Nobody seemed to know where Robert Woolfolk lived.
Robert Woolfolk might live in the projects and just not say.
Likely he did live in the projects.
“He’s got a fucked-up name,” said Henry one day, to nobody in particular.
“Who?”
“Will Fuck.”
“Mother fuck,” added Alberto, sort of generically inspired. No one else spoke.
That was the whole conversation. The words floated away, or so you would have thought. But two days later Robert Woolfolk lurked on Henry’s stoop and everyone sensed the unsavory weight of his vigil there. You could read it in the noncommittal language of the kids staked out at various distances, nobody playing anything specific in the claylike, immovable afternoon. Henry stood especially proud and oblivious, slanting handball shots from inside his yard into the joint of the pavement at his low wall, not looking at Robert Woolfolk.
“Why don’t you come here for a minute?” said Robert. He was leaned back, one knee up, other leg sprawled with toe pointing inward, elbows braced on the stoop, shoulders up around his ears, hands dangling dangerously.
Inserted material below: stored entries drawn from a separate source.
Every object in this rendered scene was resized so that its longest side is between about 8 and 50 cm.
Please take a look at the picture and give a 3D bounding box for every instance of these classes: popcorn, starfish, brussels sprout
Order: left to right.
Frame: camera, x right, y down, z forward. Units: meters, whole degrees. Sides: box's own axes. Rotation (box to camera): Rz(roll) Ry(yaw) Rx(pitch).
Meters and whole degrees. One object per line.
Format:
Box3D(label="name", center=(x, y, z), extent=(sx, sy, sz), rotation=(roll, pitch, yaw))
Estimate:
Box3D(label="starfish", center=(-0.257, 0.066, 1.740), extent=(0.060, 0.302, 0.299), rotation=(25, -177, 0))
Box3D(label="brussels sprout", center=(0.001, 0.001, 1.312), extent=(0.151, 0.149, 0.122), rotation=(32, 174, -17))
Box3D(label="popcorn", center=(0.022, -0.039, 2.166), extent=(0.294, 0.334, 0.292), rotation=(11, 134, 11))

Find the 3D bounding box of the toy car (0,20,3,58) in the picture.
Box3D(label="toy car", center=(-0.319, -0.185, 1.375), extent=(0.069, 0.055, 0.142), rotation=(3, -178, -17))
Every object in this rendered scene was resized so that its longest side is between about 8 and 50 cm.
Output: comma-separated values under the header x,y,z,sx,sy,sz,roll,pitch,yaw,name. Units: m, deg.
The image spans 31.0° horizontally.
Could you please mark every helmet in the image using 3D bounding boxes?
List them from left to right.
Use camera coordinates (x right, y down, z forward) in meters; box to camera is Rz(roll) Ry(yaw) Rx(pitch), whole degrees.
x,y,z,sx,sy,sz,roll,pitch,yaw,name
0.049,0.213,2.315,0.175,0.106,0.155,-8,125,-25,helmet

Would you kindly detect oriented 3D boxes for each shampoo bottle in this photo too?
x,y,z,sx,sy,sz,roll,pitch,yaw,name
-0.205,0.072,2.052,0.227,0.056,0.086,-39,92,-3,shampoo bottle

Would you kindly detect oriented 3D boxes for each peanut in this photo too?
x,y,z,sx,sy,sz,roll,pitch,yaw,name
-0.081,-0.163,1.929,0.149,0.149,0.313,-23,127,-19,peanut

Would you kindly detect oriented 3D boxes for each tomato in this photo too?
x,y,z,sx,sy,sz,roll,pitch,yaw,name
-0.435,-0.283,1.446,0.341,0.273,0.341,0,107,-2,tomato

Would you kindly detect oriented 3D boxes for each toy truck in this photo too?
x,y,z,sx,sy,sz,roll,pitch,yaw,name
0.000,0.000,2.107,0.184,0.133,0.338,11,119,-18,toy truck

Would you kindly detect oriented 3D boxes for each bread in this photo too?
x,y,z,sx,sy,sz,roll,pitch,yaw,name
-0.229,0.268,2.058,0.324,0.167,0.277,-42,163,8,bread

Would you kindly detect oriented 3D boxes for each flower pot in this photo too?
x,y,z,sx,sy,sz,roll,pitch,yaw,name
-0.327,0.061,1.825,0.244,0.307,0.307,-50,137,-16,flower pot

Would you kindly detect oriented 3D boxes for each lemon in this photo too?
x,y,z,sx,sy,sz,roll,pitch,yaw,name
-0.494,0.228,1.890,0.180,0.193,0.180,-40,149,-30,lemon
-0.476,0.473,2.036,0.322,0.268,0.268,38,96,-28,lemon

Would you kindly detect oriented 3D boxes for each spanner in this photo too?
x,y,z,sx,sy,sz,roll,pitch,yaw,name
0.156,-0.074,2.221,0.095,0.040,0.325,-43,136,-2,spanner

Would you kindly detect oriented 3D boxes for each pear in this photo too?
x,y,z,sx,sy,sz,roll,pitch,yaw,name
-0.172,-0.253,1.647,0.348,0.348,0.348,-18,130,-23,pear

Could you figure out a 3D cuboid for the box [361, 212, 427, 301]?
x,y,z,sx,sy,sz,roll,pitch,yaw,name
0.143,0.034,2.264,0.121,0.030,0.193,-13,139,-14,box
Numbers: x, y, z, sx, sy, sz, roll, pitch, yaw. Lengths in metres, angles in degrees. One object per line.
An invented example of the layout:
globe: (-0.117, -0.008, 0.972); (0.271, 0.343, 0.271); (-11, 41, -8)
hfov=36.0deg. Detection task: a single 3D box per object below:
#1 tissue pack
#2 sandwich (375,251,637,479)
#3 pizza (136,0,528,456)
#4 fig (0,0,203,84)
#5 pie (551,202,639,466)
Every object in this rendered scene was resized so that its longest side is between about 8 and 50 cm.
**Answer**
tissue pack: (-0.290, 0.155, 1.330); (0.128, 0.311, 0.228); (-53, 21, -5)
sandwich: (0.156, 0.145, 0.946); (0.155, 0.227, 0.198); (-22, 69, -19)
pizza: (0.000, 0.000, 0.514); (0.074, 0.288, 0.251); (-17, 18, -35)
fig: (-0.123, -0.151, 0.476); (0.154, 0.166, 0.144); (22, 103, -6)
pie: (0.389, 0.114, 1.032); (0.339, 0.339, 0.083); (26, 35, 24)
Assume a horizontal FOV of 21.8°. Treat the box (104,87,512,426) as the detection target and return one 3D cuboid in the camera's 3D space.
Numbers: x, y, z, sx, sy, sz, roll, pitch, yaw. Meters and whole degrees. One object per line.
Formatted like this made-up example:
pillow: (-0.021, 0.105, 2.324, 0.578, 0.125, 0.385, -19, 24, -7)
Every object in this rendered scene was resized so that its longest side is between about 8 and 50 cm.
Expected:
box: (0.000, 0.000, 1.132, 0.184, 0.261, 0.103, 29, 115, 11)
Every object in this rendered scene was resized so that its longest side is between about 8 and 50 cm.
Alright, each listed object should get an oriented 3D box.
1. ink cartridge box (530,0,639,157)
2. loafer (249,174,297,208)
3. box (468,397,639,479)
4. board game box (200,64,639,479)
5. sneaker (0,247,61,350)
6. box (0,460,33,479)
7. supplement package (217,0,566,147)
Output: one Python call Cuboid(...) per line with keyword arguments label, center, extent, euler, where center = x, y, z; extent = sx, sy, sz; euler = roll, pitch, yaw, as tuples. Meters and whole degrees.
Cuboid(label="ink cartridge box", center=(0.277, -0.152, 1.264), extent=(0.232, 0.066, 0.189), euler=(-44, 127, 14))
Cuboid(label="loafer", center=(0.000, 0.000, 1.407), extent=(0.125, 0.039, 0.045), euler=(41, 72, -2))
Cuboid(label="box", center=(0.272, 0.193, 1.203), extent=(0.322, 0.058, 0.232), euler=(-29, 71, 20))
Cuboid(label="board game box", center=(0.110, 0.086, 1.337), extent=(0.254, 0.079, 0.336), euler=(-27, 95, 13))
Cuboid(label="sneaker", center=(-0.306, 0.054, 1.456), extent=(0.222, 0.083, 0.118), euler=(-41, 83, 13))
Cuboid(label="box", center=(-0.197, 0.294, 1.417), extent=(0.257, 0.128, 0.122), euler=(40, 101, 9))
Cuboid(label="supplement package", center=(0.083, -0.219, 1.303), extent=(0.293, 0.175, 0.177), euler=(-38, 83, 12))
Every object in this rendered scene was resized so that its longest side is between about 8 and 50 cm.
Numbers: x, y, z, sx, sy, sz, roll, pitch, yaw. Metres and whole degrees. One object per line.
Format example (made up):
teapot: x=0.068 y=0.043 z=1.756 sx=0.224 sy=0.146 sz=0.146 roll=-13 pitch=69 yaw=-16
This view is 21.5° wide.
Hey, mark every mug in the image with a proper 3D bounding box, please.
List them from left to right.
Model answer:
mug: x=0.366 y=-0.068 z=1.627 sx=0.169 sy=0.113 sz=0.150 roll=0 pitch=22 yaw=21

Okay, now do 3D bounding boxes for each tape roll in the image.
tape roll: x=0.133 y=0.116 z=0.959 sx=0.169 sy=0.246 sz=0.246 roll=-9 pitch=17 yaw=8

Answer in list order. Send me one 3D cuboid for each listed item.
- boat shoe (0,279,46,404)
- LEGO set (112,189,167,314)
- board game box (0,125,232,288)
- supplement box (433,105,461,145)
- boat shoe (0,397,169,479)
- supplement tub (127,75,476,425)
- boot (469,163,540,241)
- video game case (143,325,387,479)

He resembled a puppet with live eyes, his strings limp just for a moment.
“I’m right here,” said Henry.
“Why don’t you say my name again?”
The question was what alliance ran invisibly around the corner to Nevins Street, whose voice had found Robert Woolfolk’s ear, and where, and when. Each kid wondered and had to consider the possibility that he alone didn’t know, that the lines of force were visible to the others. The Dean Street kids were widened in that instant, a gasp of breath went in and out of the lung of summer just then. It made you dizzy to taste the new air.